Immaginare una vita senza social appare ancora più assurdo di immaginare una vita senza stringersi la mano. Niente Instagram, Facebook, Twitter, TikTok, WhatsApp. Sarebbe come ritrovarsi muti, tutto crollerebbe. Chi perderebbe il lavoro, chi non riuscirebbe più a vendere i libri che scrive (e dire che Elena Ferrante, Sally Rooney, Ottessa Moshfegh e Donna Tartt non ne hanno bisogno: nessuna di loro è sui social), per non parlare dei giornali, che fine farebbero? Edicole prese d’assalto? Se il lockdown ci aveva totalmente rincoglionito (rincoglionimento che si manifestava via social), come reagiremmo a un improvviso e irreversibile blackout dei social, con l’aggravante di non poterne parlare sui social?

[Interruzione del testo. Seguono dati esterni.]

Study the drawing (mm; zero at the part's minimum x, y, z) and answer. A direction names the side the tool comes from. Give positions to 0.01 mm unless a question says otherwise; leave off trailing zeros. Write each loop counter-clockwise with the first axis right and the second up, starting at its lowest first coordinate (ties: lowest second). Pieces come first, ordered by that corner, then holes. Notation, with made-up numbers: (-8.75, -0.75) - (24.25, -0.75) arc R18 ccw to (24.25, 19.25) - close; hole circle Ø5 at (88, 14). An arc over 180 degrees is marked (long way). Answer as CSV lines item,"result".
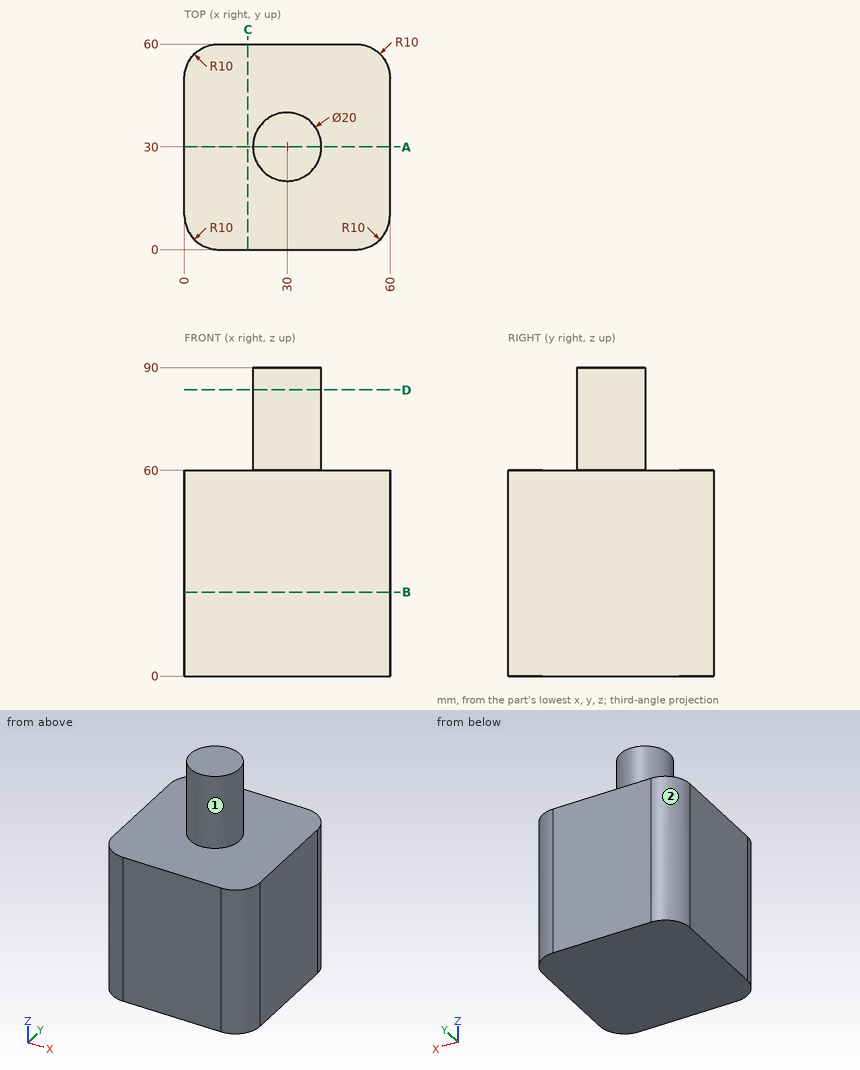
(1) This flat-tipped pin is pushed along its axis until it touches: P1, Ø4, axis at x = 28, y = 49, coming from the +Z side. Where does it stop, or does it pass through?
Worked out:
P1,"stops at z = 60"
(2) A cutting plane is placed at D-D (z = 83.5). Write down the section's boundary in (x, y).
Worked out:
outline,"circle Ø20 at (30, 30)"
(3) Find the intervals of material crossed by L1, parallel to Z at x = 50.5, y = 44.5; L2, parallel to X at y = 29.5, z = 72.5; L3, parallel to Y at x = 8.5, z = 41, in increasing order.
Worked out:
L1,"z = 0 to 60"
L2,"x = 20.01 to 39.99"
L3,"y = 0.11 to 59.89"
(4) A cutting plane is placed at C-C (x = 18.5). Write down the section's boundary in (y, z), and give its area (3 significant figures).
Worked out:
outline,"(0, 0) - (60, 0) - (60, 60) - (0, 60) - close"
area,"3,600 mm^2"
(5) For the marked faces 1 and 2, determine the directions among +Z, -Z, +X, -X, +Y, -Y from which every point of the face is accessible in a straight line to the end or side of a thin tool.
Worked out:
face 1,"+Z"
face 2,"+Z, -Z, -X, +Y"
(6) A cutting plane is placed at A-A (y = 30). Write down the section's boundary in (x, z).
Worked out:
outline,"(0, 0) - (60, 0) - (60, 60) - (40, 60) - (40, 90) - (20, 90) - (20, 60) - (0, 60) - close"
(7) A cutting plane is placed at B-B (z = 24.5). Write down the section's boundary in (x, y), and give its area (3 significant figures).
Worked out:
outline,"(0, 10) arc R10 ccw to (10, 0) - (50, 0) arc R10 ccw to (60, 10) - (60, 50) arc R10 ccw to (50, 60) - (10, 60) arc R10 ccw to (0, 50) - close"
area,"3,510 mm^2"

L’abbiamo scoperto il 4 ottobre, durante l’interruzione momentanea del funzionamento della trinità di Zuckerberg, un assaggio del silenzio profetizzato da Don DeLillo in The Silence. Come sarebbe stato bello se invece di riversarci su Twitter ci fossimo messi a fissare il cielo nero fuori dalla finestra in preda allo sgomento. E invece eccoci riuniti a sghignazzare su un’altra piattaforma,pieni di battute geniali su quello che stava succedendo. Totalmente pazzi, gongolavamo dei problemi dei tre social su un altro social. Bello Twitter che ci ha accolto con quel tweet, belli i meme con Kim Kardashian al Met Gala (la regina dei social che rappresenta il blackout dei social). Qualcuno faceva notare che la cover nera di Donda era una profezia del blackout, qualcun altro rispondeva che il vero profeta è Demna Gvasalia. Toglieteci tutto, fate accadere qualsiasi cosa, basta che ci sia la possibilità di commentare in qualche modo quello che sta succedendo, e non con le persone vicine a noi, ma con “tutti”, perché ormai ragioniamo per frammenti e per moltitudini.

Qualche disertore c’è: l’11 settembre Lana Del Rey si è cancellata da Instagram, dicendo ciao ciao ai suoi milioni di follower. Anche Michaela Coel, nello speech dei Grammy diventato virale, suggeriva di sparire per un po’: «In un mondo che ci invita a sfogliare le vite degli altri per aiutarci a stabilire meglio come ci sentiamo e a sentire a nostra volta il bisogno di essere costantemente visibili – poiché la visibilità di questi tempi sembra in qualche modo equivalere al successo – non abbiate paura di scomparire per un po’. E vedere cosa arriva nel silenzio».

Al di là di Twitter, il fatto che un buio di 7 ore abbia generato dubbi e riflessioni esistenziali è la dimostrazione che siamo messi peggio di quanto pensassimo. Quando Instagram ha ricominciato a funzionare, diversi attivisti hanno condiviso dei post in cui interrogavano i follower sull’attivismo fuori dai social: «Se Instagram non tornasse mai più a funzionare, come si manifesterebbe il tuo anti-razzismo?». Altri hanno iniziato a bombardare di storie in cui spiegavano cos’era appena successo, collegandolo alle testimonianze di Francis Haugen, sviluppando teorie e riportando dati drammatici sulla pericolosità di Instagram e sui danni provocati dalla digital addiction. Più egoisticamente, molte persone si sono ritrovate a interrogarsi sulla loro identità e sui loro introiti (spesso le due cose coincidono). Chi sarebbe Chiara Ferragni senza il suo profilo? È la domanda del secolo, a cui lei ha prontamente risposto su Vogue: «Da un lato ho gioito che venisse zittito, dall’altro ho pensato: possono toglierti tutto in un secondo». In tanti sono rimasti male quando WhatsApp ha ripreso a funzionare e gli sms hanno smesso di arrivare. Un po’ come quegli antisociali che amavano segretamente il lockdown. Ma datemi qualche mese ancora per scrollare e rifletterci su, seduta sul divano, con l’iPhone in mano.